● **The records**
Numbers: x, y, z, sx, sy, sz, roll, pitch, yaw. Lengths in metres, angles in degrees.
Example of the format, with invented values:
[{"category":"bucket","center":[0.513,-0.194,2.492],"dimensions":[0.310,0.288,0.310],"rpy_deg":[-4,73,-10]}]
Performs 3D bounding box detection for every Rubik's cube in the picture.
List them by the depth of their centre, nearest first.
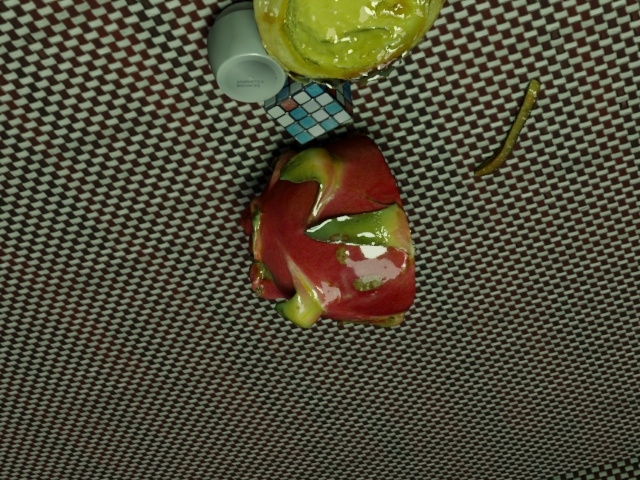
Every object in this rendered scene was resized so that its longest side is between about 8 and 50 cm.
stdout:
[{"category":"Rubik's cube","center":[-0.018,-0.208,1.555],"dimensions":[0.092,0.092,0.092],"rpy_deg":[-26,138,25]}]

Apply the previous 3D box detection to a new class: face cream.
[{"category":"face cream","center":[-0.093,-0.251,1.482],"dimensions":[0.117,0.104,0.117],"rpy_deg":[-3,143,-2]}]

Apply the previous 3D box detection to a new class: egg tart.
[{"category":"egg tart","center":[0.038,-0.319,1.399],"dimensions":[0.279,0.095,0.279],"rpy_deg":[-14,140,-12]}]

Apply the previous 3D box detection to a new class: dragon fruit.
[{"category":"dragon fruit","center":[0.000,0.000,1.658],"dimensions":[0.226,0.305,0.305],"rpy_deg":[-12,143,-7]}]

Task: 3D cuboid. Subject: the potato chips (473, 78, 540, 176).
[{"category":"potato chips","center":[0.291,-0.166,1.698],"dimensions":[0.037,0.026,0.204],"rpy_deg":[18,139,-7]}]
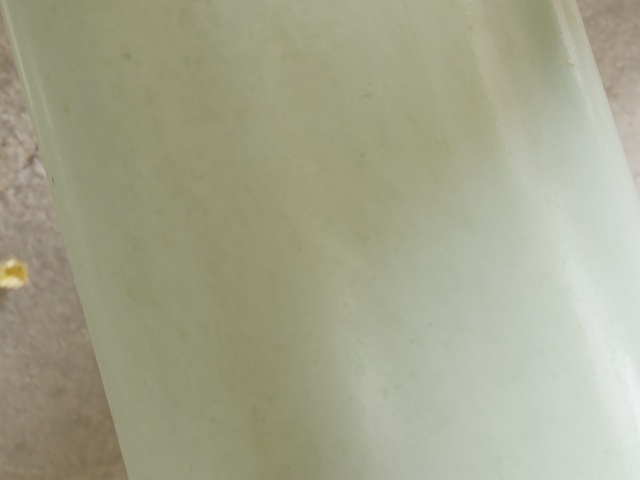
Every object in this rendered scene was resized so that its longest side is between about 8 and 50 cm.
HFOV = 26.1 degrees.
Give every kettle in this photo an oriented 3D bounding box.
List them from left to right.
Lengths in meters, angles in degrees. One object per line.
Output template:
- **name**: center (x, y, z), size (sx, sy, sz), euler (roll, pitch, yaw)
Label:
- **kettle**: center (0.000, 0.000, 0.629), size (0.250, 0.361, 0.376), euler (-18, 97, -14)

● **What you should do**
Any picture in the material is to be dropped; the rest is repeated exactly.

● **Answer area**
Numbers: x, y, z, sx, sy, sz, roll, pitch, yaw. Lengths in metres, angles in degrees.
Example of the format, with invented values:
[{"category":"bucket","center":[0.513,-0.194,2.492],"dimensions":[0.310,0.288,0.310],"rpy_deg":[-4,73,-10]}]
Performs 3D bounding box detection for every Rubik's cube in the picture.
List them by the depth of their centre, nearest first.
Every object in this rendered scene was resized so that its longest side is between about 8 and 50 cm.
stdout:
[{"category":"Rubik's cube","center":[-0.018,-0.208,1.555],"dimensions":[0.092,0.092,0.092],"rpy_deg":[-26,138,25]}]

Apply the previous 3D box detection to a new class: face cream.
[{"category":"face cream","center":[-0.093,-0.251,1.482],"dimensions":[0.117,0.104,0.117],"rpy_deg":[-3,143,-2]}]

Apply the previous 3D box detection to a new class: egg tart.
[{"category":"egg tart","center":[0.038,-0.319,1.399],"dimensions":[0.279,0.095,0.279],"rpy_deg":[-14,140,-12]}]

Apply the previous 3D box detection to a new class: dragon fruit.
[{"category":"dragon fruit","center":[0.000,0.000,1.658],"dimensions":[0.226,0.305,0.305],"rpy_deg":[-12,143,-7]}]

Task: 3D cuboid. Subject: the potato chips (473, 78, 540, 176).
[{"category":"potato chips","center":[0.291,-0.166,1.698],"dimensions":[0.037,0.026,0.204],"rpy_deg":[18,139,-7]}]
Every object in this rendered scene was resized so that its longest side is between about 8 and 50 cm.
HFOV = 26.1 degrees.
Give every kettle in this photo an oriented 3D bounding box.
List them from left to right.
Lengths in meters, angles in degrees. One object per line.
Output template:
- **name**: center (x, y, z), size (sx, sy, sz), euler (roll, pitch, yaw)
Label:
- **kettle**: center (0.000, 0.000, 0.629), size (0.250, 0.361, 0.376), euler (-18, 97, -14)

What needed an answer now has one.